If an issue is found within the model, reach out to the creators of the model before using it to understand why they are delivering unsafe code. Do not use the model without a thorough investigation.

Adopt the following processes:

  • Add ModelScan to your standard list of packages installed on all data science environments, guiding users to scan any models that they find before using them.
  • Add ModelScan to your machine learning pipeline so it can be used after any step.
  • Before a file enters your Model Registry, scan it.
  • Before you deploy a model to a production endpoint, scan it.
  • Only use models from trusted sources and always validate their checksums before use.

Implementing those processes to your MLOps practice is a great step to expanding your practice to MLSecOps and embedding security as effectively there as your traditional application development practices.
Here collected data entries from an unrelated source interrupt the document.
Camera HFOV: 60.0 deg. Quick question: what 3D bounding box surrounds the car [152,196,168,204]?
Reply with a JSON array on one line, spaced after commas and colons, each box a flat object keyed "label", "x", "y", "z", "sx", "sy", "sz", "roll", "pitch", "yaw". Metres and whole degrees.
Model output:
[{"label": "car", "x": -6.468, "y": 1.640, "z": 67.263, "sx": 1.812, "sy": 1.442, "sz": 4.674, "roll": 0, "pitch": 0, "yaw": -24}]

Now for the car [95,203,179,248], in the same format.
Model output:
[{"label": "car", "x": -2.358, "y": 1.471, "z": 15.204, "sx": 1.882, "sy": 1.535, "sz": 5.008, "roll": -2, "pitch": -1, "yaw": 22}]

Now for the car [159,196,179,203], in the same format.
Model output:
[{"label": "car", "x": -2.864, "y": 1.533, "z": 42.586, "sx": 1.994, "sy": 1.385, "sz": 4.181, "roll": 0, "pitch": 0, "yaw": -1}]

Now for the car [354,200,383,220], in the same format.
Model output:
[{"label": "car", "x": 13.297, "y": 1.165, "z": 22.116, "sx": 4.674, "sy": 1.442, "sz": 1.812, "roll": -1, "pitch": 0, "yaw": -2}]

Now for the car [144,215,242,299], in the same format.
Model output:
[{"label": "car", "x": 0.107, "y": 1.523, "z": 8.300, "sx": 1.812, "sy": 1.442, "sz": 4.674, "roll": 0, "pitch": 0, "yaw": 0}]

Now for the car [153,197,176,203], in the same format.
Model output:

Not all models in your environment come from your pipelines, and many are loaded to explore and better understand other approaches. They are still capable of compromising your security. ModelScan is built to work locally for your data scientists and other engineers as well.

When a data scientist starts to explore a new model from HuggingFace, make it second nature for them to scan the model before use. We’ve made it easy with direct HuggingFace support:

 

# Scan the model `structured-data-classification-grn-vsn` from Keras-IO
modelscan -hf keras-io/structured-data-classification-grn-vsn

Getting Started

ModelScan can secure your ML pipelines, inference endpoints(at any stage), and data science environments without restricting creativity or performance.

Implementation can be done in just a few minutes.

For the latest installation instructions, code samples, and documentation check out the project on GitHub: https://github.com/protectai/modelscan.

  1. Scan models before use.
  2. Share ModelScan with anyone you know working in machine learning.
  3. Demand model providers share results on their models when publishing.

Together we improve machine learning security, and help build a safer AI-powered world.

Seriously, scan any model you don't trust before loading it for use.